The series moves to the Aero on July 14 for two Marlene Dietrich melodramas, 1935's "The Devil Is a Woman," in which he plays a rare sympathetic role, and 1933's "The Song of Songs," which casts Atwill as a lecherous baron obsessed with Dietrich.

The July 18 double bill at the Egyptian features two delicious Warner Bros. horror films directed by Michael Curtiz starring Atwill in all of his evil glory -- 1933's "Mystery of the Wax Museum" and 1932's "Dr. X."

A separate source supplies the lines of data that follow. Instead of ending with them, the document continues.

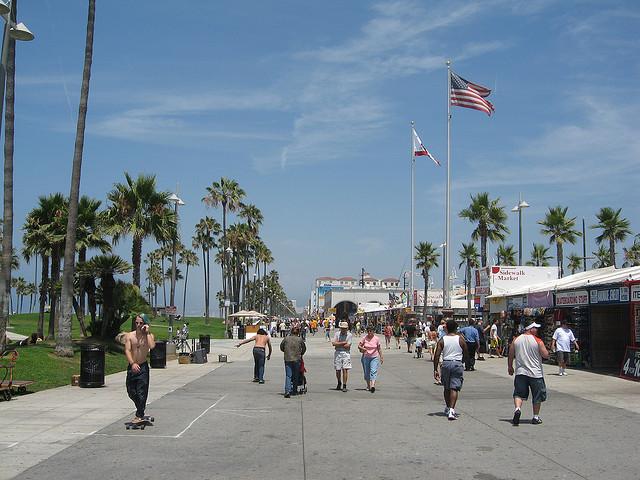Are these people about to go on vacation?
Write a very short answer. No. How many kids are skating?
Write a very short answer. 2. Does this day look bright and sunny?
Answer briefly. Yes. Are the palm trees high?
Give a very brief answer. Yes. Where are the flags?
Give a very brief answer. Poles. How many skateboards are visible?
Concise answer only. 1. Where are the people walking?
Write a very short answer. Sidewalk. How many flags are there?
Be succinct. 2. Is it a clear or cloudy day?
Answer briefly. Clear. Can one go on a skateboard with just one leg?
Answer briefly. Yes. Can you spot cars?
Write a very short answer. No.

In the 1935 Errol Flynn classic swashbuckler "Captain Blood," screening July 25 at the Egyptian, Atwill moves out of the horror genre to play the odious military commander of a British colony. Rounding out the evening is 1933's mystery thriller "Secret of the Blue Room," which stars Gloria Stuart.

Though he still occasionally made an appearance in a Universal horror film, Atwill was relegated to making low-budget B movies after he was sentenced in 1942 to five years probation on a perjury conviction. He admitted lying to a grand jury during an investigation of a decadent Christmas party at his house (the press described it as an "orgy").

Atwill, who later said he "lied like a gentleman" to protect the identity of his guests, was granted termination of his sentence seven months later and his record was expunged. But his career never recovered from the sex scandal.

Atwill died in 1946 of lung cancer and pneumonia at the age of 61.